Here, though, in her urgency she had overlooked that the faster she drove the space machine the more the atomic power raced itself, and therefore the more dangerous gamma, beta and alpha radiations it gave forth. She was awakened to this fact by the consciousness of tingling mysteriously from head to foot. At first she put it down to her immovability in the control chair which had brought on an attack of cramp, but when she stamped around the control room and flexed her arms fiercely only to find the condition becoming worse, she knew that something much worse had her in its grip.

But why? This was what she could not understand. She was quite sure that the power-plant cowlings were back in place satisfactorily enough to prevent any trouble. It did not occur to her that even the slightest crack—and there were plenty of them between the plates—was sufficient to permit of the radiations escaping.

So, gradually, the sense of cramp within her changed to an intolerable burning, an irritation which spread over her like a corrosive tide. She stumbled across to the wall mirror and surveyed herself. Her skin had become lobster-pink—just as Alec’s skin had appeared as he lay before the power-plant. Then it was that she knew the truth.

It was a million to one against that she would ever reach ZK/70 alive. Indeed, her sight was already failing under the incessant impact of the radiations. As she gazed wildly around her it seemed that the control room was much darker, and she could no longer see the goal towards which she was heading. Even the switches, as she crossed to them, appeared to be bathed in a luminescent, foundering haze shot through with bars of darkness.

Gropingly, she sat down again in the control chair and fought frantically to compose herself. She knew—for Alec had once told her—that atomic radiations strike first at the organs of vision, and afterwards at the heart. It could not be long before the elemental forces which had struck down the too-casual Alec would strike her down too.

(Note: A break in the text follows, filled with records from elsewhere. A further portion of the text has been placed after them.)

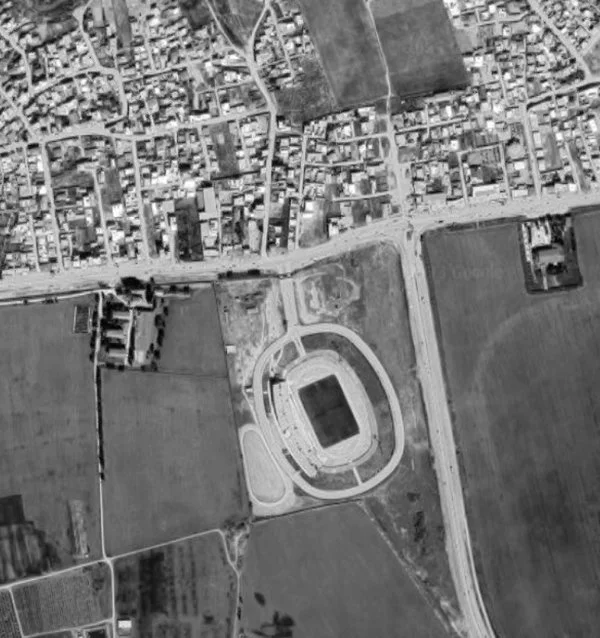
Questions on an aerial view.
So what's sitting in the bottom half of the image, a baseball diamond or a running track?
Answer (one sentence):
What appears in the bottom half of the image is a running track.
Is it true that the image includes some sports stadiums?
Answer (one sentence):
Yes, there is a sports stadium in the image.
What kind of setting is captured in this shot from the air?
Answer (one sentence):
This image shows a residential area.
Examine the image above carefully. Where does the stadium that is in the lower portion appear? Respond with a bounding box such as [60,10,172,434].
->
[274,350,379,476]
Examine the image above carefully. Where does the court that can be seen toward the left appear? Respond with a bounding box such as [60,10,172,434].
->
[73,305,90,333]
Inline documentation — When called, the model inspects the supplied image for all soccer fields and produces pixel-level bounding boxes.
[299,374,360,448]
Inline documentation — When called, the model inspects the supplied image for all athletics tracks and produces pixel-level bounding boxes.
[239,424,310,515]
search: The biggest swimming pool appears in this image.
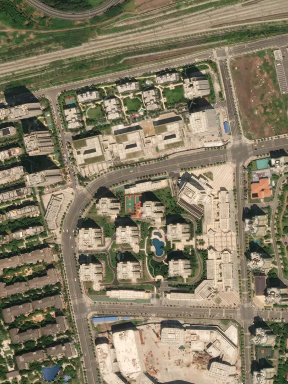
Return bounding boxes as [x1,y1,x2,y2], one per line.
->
[151,236,167,259]
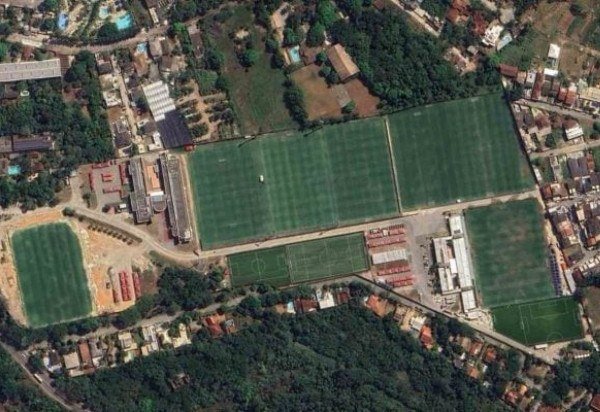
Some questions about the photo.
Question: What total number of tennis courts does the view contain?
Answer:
zero
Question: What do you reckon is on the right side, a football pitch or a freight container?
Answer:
football pitch
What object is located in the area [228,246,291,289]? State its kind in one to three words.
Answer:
soccer field
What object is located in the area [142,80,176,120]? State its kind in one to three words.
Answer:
building
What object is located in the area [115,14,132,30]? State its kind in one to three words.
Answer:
swimming pool
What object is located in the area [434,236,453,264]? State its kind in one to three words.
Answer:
building
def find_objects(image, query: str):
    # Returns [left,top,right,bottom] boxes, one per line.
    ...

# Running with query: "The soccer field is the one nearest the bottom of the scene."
[490,295,584,346]
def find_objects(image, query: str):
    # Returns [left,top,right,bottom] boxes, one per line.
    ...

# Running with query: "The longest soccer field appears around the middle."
[186,118,401,250]
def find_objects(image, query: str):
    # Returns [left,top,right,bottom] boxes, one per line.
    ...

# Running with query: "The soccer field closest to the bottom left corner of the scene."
[13,222,93,328]
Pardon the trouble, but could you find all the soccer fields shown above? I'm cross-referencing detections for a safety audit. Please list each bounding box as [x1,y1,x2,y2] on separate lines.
[228,246,291,289]
[288,233,370,281]
[13,222,93,328]
[186,118,401,250]
[465,198,558,307]
[388,94,536,210]
[490,295,584,346]
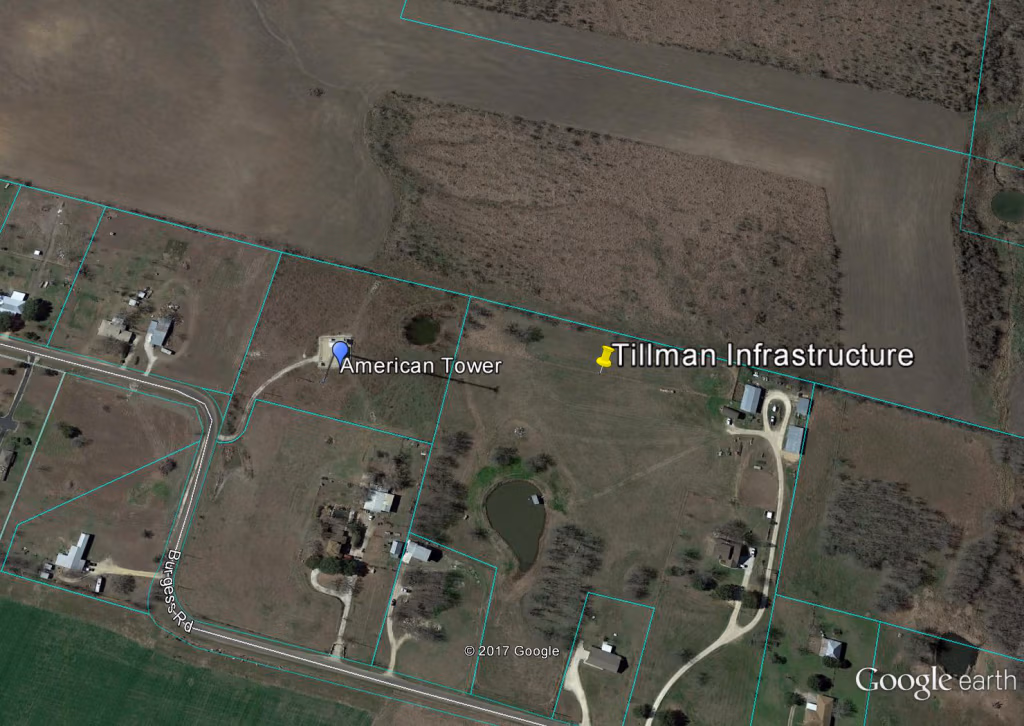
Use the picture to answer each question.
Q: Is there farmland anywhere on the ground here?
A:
Yes
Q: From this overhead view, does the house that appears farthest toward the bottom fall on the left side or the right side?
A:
right
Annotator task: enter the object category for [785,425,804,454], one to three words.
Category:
barn
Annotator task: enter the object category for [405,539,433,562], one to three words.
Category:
house
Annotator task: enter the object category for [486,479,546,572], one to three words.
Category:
pond
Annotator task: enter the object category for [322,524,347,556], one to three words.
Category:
house
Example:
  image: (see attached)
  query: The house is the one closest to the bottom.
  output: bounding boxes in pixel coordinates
[802,694,833,726]
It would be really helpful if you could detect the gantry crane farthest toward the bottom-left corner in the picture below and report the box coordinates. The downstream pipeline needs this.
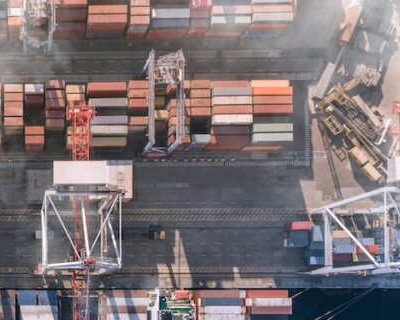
[27,101,130,320]
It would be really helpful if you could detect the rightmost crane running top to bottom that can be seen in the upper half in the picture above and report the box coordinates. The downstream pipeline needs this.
[136,49,185,156]
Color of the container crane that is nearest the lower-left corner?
white
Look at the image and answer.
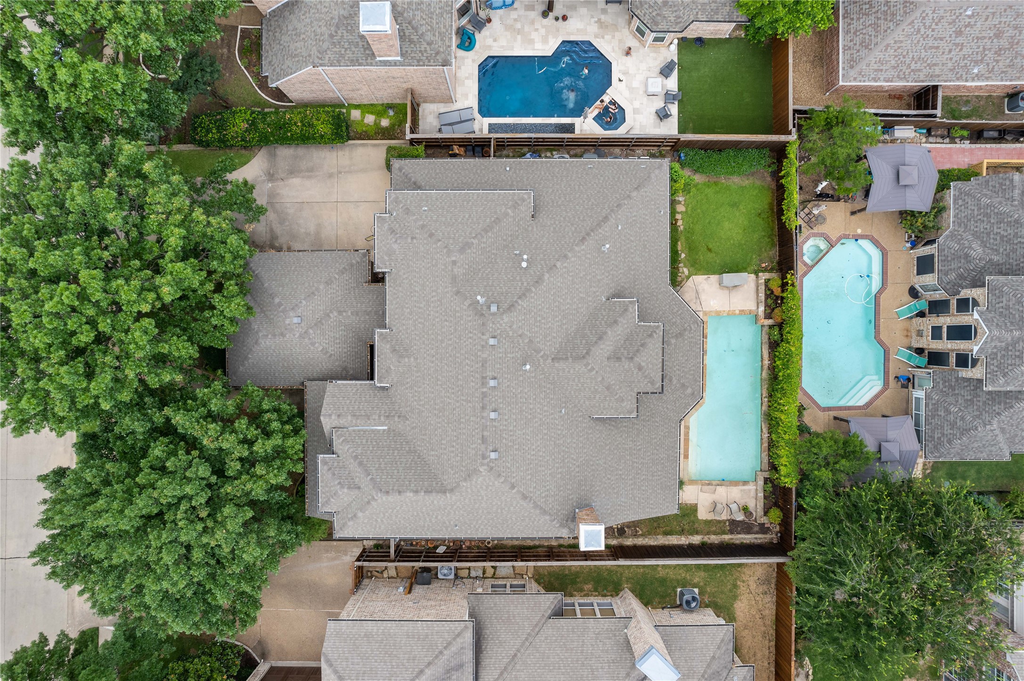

The only hope, then, was that this hurtling space ship would perhaps somehow land on ZK/70, drawn by the gravity of the planetoid, and that Cliff and Isobelle, if they still lived, would find a way to patch up the wreck and make a safe return home. Perhaps Cliff, with his scientific knowledge, would know what had caused the deaths of the two occupants and would take care that the power-plant was properly insulated before attempting a take-off.

All speculations—wild, improbable speculations—but they were the only things Nan could hang on to. Even as she speculated she pulled the switch which she remembered set the forward rockets going, thereby braking the vessel’s speed, and with this accomplished she was incapable of further effort. Her whole being seemed to be consumed by living fire. She could not remember when her hands left the switches, nor was there any conscious realisation of the moment when she died . . . . And the projectile flashed onwards, but within it was slowing down in its prodigious velocity as the forward jets began to make an impression.

It was not coincidence which guided the decelerating machine to ZK/70, but the natural mass of the planetoid itself, just as Nan had hoped. Even so, the machine was hurtling at several thousands of miles an hour when it struck the planetoid’s shallow atmosphere. Instantly a deafening, high-pitched scream resounded from one end of the planetoid to the other. It awoke Cliff with a start as he lay half-dozing in the gold dust, and Isobelle stirred uneasily.

“Quick, Izzy!” she heard Cliff shouting, as he shook her. “They’ve come back! Look—up there!”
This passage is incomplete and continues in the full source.